EXTRACTED MATERIAL —
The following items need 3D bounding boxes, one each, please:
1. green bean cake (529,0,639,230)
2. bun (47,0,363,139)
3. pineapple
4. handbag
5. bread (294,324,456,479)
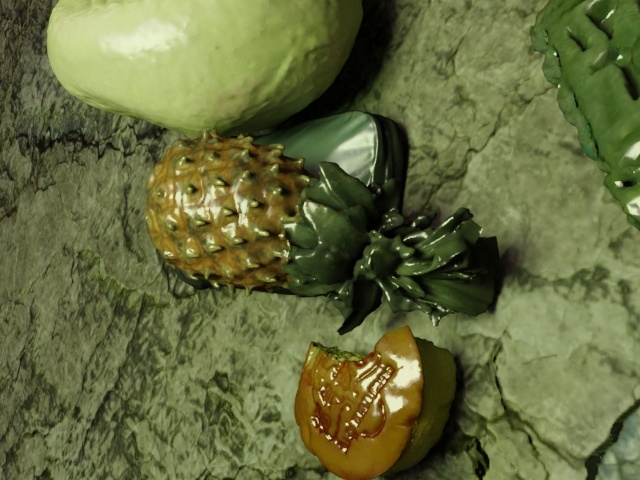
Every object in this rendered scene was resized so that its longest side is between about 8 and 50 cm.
--
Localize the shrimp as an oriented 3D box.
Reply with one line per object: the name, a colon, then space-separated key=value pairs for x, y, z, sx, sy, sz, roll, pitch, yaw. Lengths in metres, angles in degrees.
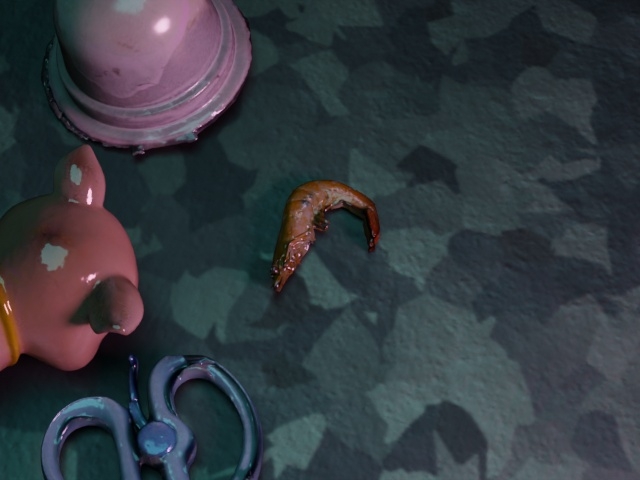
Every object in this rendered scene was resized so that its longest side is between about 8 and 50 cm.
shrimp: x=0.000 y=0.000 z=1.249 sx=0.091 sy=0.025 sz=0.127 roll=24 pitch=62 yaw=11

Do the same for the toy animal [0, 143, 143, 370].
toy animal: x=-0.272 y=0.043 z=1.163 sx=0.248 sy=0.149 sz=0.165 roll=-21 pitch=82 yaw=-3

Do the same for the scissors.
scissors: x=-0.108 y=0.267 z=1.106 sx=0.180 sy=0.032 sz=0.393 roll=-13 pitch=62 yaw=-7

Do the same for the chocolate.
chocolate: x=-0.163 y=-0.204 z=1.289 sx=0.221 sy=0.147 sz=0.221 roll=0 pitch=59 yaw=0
...
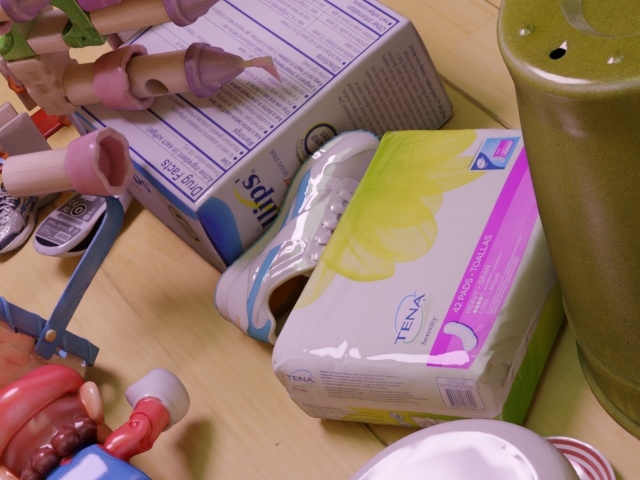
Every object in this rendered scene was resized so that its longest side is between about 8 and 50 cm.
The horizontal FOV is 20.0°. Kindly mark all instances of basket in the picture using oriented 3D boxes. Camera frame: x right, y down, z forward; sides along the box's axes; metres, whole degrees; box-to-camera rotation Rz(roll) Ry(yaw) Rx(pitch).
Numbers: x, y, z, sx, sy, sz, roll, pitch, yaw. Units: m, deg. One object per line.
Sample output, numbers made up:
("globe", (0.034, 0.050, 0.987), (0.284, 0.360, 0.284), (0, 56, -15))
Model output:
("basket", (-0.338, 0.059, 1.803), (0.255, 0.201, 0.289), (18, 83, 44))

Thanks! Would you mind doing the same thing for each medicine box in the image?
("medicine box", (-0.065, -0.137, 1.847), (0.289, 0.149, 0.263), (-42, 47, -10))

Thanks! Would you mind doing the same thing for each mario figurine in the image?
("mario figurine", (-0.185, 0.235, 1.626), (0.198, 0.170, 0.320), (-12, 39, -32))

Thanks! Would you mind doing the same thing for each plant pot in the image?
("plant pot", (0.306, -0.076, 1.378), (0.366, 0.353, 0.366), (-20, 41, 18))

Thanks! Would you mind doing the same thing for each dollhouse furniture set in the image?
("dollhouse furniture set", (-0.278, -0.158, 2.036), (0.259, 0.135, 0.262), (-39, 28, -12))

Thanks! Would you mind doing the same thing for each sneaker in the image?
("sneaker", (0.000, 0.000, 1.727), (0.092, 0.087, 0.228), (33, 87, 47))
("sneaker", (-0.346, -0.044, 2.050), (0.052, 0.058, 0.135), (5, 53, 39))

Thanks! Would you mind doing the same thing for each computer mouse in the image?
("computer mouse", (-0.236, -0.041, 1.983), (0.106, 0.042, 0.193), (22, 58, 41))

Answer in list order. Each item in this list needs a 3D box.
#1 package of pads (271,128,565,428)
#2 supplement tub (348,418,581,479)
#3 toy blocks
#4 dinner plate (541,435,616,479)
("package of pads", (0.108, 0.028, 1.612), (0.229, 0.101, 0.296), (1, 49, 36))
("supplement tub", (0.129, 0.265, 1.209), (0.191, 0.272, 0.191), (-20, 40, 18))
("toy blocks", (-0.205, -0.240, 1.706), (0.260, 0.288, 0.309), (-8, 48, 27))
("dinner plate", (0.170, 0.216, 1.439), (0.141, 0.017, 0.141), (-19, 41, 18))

GOAL OF THE EXERCISE — Above are some lines. Repeat exactly, and only, those from the line that has "Answer in list" through the line that has "#3 toy blocks".

TASK SOLUTION —
Answer in list order. Each item in this list needs a 3D box.
#1 package of pads (271,128,565,428)
#2 supplement tub (348,418,581,479)
#3 toy blocks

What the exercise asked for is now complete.